There are some classic do's and don'ts I follow when getting ready for a Weekender. Here is a sample of the refresher course I read to myself in the mirror during the countdown to escape...
In the days leading up to a Weekender, it's important to maintain health at all costs. Specifically, in the week before the trip, boost up the immune system. DO take Vitamin C supplements and echinacea. DO drink plenty of fluids. DO get some extra rest. In other words, DO wear a hazmat suit, if possible, when interacting with your kids and especially when conducting any pick up or drop off at day care or schools. Then disinfect said child(ren) thoroughly upon returning home. If outright quarantine is possible, by all means take advantage.
[I unfortunately learned this lesson the hard way shortly after arriving at the Chatham Bars Inn a few years ago. A 24-hour stomach bug struck me just as we got settled into our hotel room. All I remember from that weekend is watching Inception on demand while wrapped beneath a comforter as THE WIFE ordered room service. Good times!]
DO avoid engaging in athletic or outdoor activities that you do not typically perform. Sustaining a lower back injury during a first time cross-fit workout or pulling a groin during bikram yoga can severely impede late night - or God willing maybe even afternoon - activities.
DO make a little extra effort in your appearance for the weekend away. Wax that back or nair the shoulder hair. Manscaping is a good way to show your lady that she's not married to Wolverine.
DO NOT consume foods that cause chronic flatulence. The rest of the year may be filled with unrestrained, spontaneous gas triggering dirty looks or wide eyed facial expressions, but the Weekender calls for impromptu morning cuddle sessions that DO NOT include Dutch ovens.
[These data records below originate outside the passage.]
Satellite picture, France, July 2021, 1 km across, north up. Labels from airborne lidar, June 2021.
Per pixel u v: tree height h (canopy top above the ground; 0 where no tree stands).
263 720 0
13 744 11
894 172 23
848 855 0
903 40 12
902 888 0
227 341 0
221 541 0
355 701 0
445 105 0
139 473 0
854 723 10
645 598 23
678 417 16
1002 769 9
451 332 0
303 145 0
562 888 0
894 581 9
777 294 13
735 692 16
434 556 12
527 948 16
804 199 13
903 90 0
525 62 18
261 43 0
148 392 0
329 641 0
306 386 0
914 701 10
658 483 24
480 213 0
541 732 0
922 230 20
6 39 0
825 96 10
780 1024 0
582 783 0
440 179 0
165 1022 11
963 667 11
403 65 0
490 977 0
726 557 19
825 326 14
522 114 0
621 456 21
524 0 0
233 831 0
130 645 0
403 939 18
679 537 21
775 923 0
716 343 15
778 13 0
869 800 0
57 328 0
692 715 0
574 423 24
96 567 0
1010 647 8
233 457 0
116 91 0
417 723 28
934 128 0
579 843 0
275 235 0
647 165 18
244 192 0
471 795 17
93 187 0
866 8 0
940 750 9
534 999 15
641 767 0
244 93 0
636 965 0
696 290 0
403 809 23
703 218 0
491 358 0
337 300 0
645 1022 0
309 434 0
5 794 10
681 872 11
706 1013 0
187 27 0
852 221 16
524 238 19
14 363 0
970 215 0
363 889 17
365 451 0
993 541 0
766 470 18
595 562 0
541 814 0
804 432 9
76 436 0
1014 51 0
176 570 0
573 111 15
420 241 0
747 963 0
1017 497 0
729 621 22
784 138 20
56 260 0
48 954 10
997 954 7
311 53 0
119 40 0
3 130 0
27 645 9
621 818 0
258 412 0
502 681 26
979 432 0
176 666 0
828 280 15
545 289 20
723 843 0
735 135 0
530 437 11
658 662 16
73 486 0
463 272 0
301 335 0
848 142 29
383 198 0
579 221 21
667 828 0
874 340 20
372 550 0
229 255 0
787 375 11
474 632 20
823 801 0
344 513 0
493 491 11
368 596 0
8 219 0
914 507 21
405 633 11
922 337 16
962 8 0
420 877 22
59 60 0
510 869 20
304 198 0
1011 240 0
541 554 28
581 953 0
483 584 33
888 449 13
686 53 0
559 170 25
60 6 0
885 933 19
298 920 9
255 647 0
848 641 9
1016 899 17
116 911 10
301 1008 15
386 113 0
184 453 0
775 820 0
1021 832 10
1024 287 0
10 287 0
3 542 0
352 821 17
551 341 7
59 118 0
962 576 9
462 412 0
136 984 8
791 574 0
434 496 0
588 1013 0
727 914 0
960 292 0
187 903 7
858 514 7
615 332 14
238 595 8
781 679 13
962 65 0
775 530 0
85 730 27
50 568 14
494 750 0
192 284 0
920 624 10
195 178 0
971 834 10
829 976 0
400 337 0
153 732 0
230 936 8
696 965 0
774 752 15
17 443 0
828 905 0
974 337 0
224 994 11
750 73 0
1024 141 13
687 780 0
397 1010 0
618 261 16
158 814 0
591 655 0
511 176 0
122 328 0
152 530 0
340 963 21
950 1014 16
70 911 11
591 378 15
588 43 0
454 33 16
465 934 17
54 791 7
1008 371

DO limit conversation about the kids and child rearing during meals to ensure that there are other topics about which the two of you may focus. For example, one's favorite Yo Gabba Gabba episode or whether Tilly is ready to sleep without a pacifier, are discussion pieces to be avoided. Instead, focus on fun topics like "did you read anything interesting in Us Weekly today when we sat by the pool?" Or perhaps, "Should we have red wine tonight or bubbles? Or both?" Then reminisce about the wine we drank during our honeymoon as we stared out towards the caldera.
DO NOT get jealous when THE WIFE begins to speak about how talented Adam Levine and Justin Timberlake are. Although the seemingly innocuous statement is easily misunderstood code for "I would definitely swap you out for said performer and seven seconds of heaven," you must recognize that the observation could also mean "I want you to dance with me if we hear one of their songs when we go to a bar later this evening."
I would write more but I can't because one child is swinging from light fixtures and the other two are entangled in WWE techniques. Get here soon Weekender.
Friday, May 15, 2015
Friday, May 1, 2015
Back in Black
I could bore you with reasons why there's been such a gap in any posts, but there's too much good stuff to catch up on.
"M Is For Metal" has become Gus' recent book obsession. We temporarily lost the book a few weeks ago. Gus noticed. He started asking for the book when THE WIFE and I would ask the kids what they wanted to read before bed. Or at breakfast before school. (Yes, the kids like to have a quick read during their Cheerios or Puffs or Chex or whatnot.)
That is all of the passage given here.